Business Analytics & Decsion Science
- Does the company have policies around data sharing, data storage and the use of the cloud?
- What restrictions should the business put in place on the utilisation of AI? Are there ethical considerations? For example, would it be appropriate to train an AI engine to support recruitment decisions? Might AI result in an organisation unknowingly not selecting candidates on certain criteria that a business would never knowingly discriminate against? Is not understanding the rules ever a defence?
- What policies and/or rules exist to ensure that all AI is subject to the appropriate validation and/or testing? What ‘black boxes’ exist in the organisation?

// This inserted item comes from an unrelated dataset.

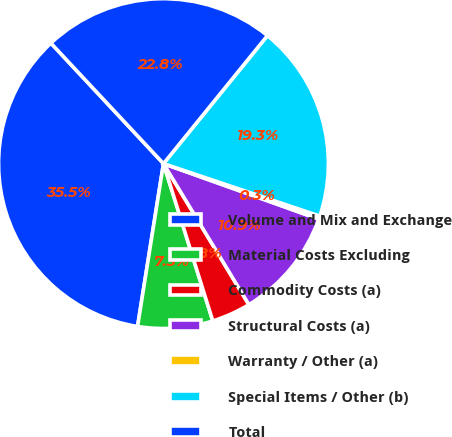Convert chart. <chart><loc_0><loc_0><loc_500><loc_500><pie_chart><fcel>Volume and Mix and Exchange<fcel>Material Costs Excluding<fcel>Commodity Costs (a)<fcel>Structural Costs (a)<fcel>Warranty / Other (a)<fcel>Special Items / Other (b)<fcel>Total<nl><fcel>35.53%<fcel>7.35%<fcel>3.83%<fcel>10.87%<fcel>0.31%<fcel>19.3%<fcel>22.82%<nl></chart> 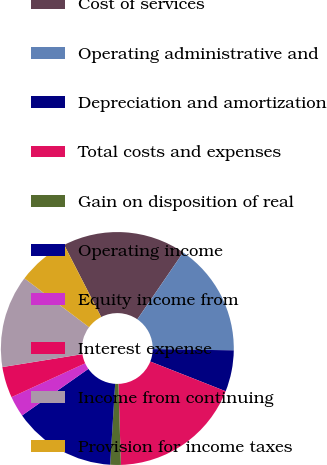Convert chart to OTSL. <chart><loc_0><loc_0><loc_500><loc_500><pie_chart><fcel>Cost of services<fcel>Operating administrative and<fcel>Depreciation and amortization<fcel>Total costs and expenses<fcel>Gain on disposition of real<fcel>Operating income<fcel>Equity income from<fcel>Interest expense<fcel>Income from continuing<fcel>Provision for income taxes<nl><fcel>17.11%<fcel>15.69%<fcel>5.73%<fcel>18.53%<fcel>1.47%<fcel>14.27%<fcel>2.89%<fcel>4.31%<fcel>12.84%<fcel>7.16%<nl></chart>

- Customers are demanding faster decision making and approvals for new products, which will require firms to undergo radical change. Is the business effectively assessing the risk of not making these changes, or is the focus only on the operational risks associated with making the change?
- Automating processes can improve operational efficiency but brings additional risks that need to be consider and managed. Does the organisation have a view on where those boundaries lie?
- Are there laws and regulations firms need to comply with that impact the digital strategy?
- How is the use of technology going to be regulated?
- How are regulators responding to new technologies, and what new rules are expected?
- How are regulations likely to vary between jurisdictions?
- Does the organisation have processes in place to consider the regulatory mood and direction for any products and services based on new technology?
The velocity and rate of change of digital innovation is an undeniable disruptor to many traditional businesses. New technology is enabling new products and service channels that adapt to changing customer behaviours, as well as driving efficiencies and creating competitive advantages.
Risk management and compliance functions need to evolve. They need to engage with the business, anticipate how technology could/will be used, understand potential implementation timelines, conduct more research and define policies and/or guidance where necessary.
Fundamentally, risk and compliance functions need to get to a point where the business is looking to engage with them because they value their advice. If leaders of digitalisation initiatives believe that the second line will guide them effectively on how to embrace technologies in a risk-managed way and not create barriers, they will consult. It is essential that the second line is seen as empowering and guiding, not blocking. In summary, they need to redefine the rules of engagement and advise the business how to do something rather than provide many reasons why it should not.
How Protiviti Can Help
Protiviti has developed a digitalisation/digital transformation framework that provides a high-level overview of how we help our clients fulfil their goals and objectives. In the graphic below, the vertical columns represent the problems that we are seeking to help our clients to solve; the horizontal bars explain how we help.
Protiviti is working with the leaders of risk and compliance functions to help them transform and become more forward-looking and prepared for the opportunities and challenges a digital future holds. These include :
- Educating risk and compliance functions on the latest technological trends
- Providing training on risks and controls within the digital arena
- Providing guidance on how to manage the digital risks and promote business innovation
- Helping organisations ensure that policies are fit for purpose in the digital age and not inadvertently stifling innovation
- Advising on how to transform into a digital function that proactively collaborates with the business
- Helping with their digital strategy and forming an opinion on the latest trends
Digitalisation provides an opportunity for risk and compliance functions to engage with the right people and help their organisation embrace digitalisation in all its technological guises to face the future with confidence. It also provides the second line functions with opportunities to embrace these emerging technologies to improve performance and to manage escalating costs. These opportunities should also not be overlooked.